* TASK DETAILS: Among the entries below, find how many lines carry the word "attributes" and state only that figure.

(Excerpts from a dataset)

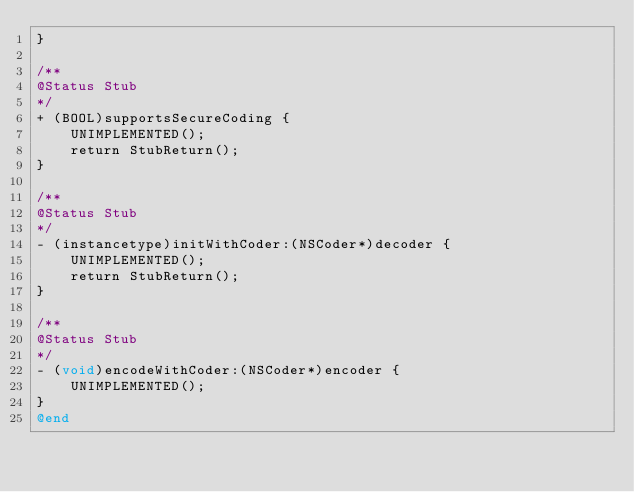<code> <loc_0><loc_0><loc_500><loc_500><_ObjectiveC_>}

/**
@Status Stub
*/
+ (BOOL)supportsSecureCoding {
    UNIMPLEMENTED();
    return StubReturn();
}

/**
@Status Stub
*/
- (instancetype)initWithCoder:(NSCoder*)decoder {
    UNIMPLEMENTED();
    return StubReturn();
}

/**
@Status Stub
*/
- (void)encodeWithCoder:(NSCoder*)encoder {
    UNIMPLEMENTED();
}
@end
</code> 
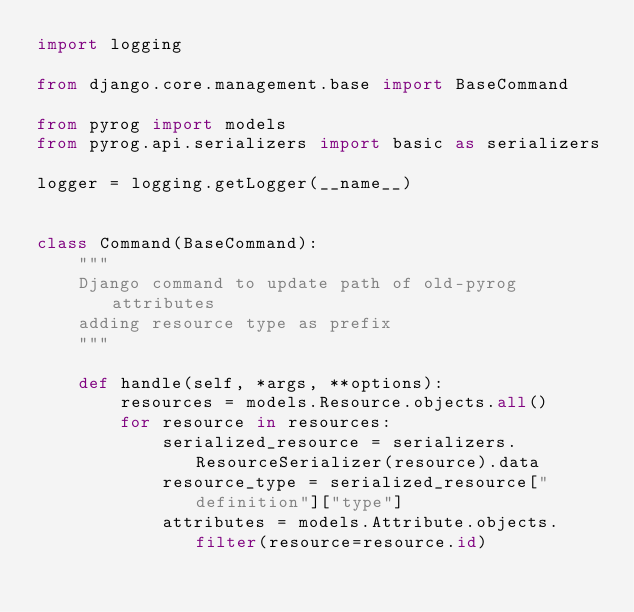<code> <loc_0><loc_0><loc_500><loc_500><_Python_>import logging

from django.core.management.base import BaseCommand

from pyrog import models
from pyrog.api.serializers import basic as serializers

logger = logging.getLogger(__name__)


class Command(BaseCommand):
    """
    Django command to update path of old-pyrog attributes
    adding resource type as prefix
    """

    def handle(self, *args, **options):
        resources = models.Resource.objects.all()
        for resource in resources:
            serialized_resource = serializers.ResourceSerializer(resource).data
            resource_type = serialized_resource["definition"]["type"]
            attributes = models.Attribute.objects.filter(resource=resource.id)</code>

* RESPONSE: 2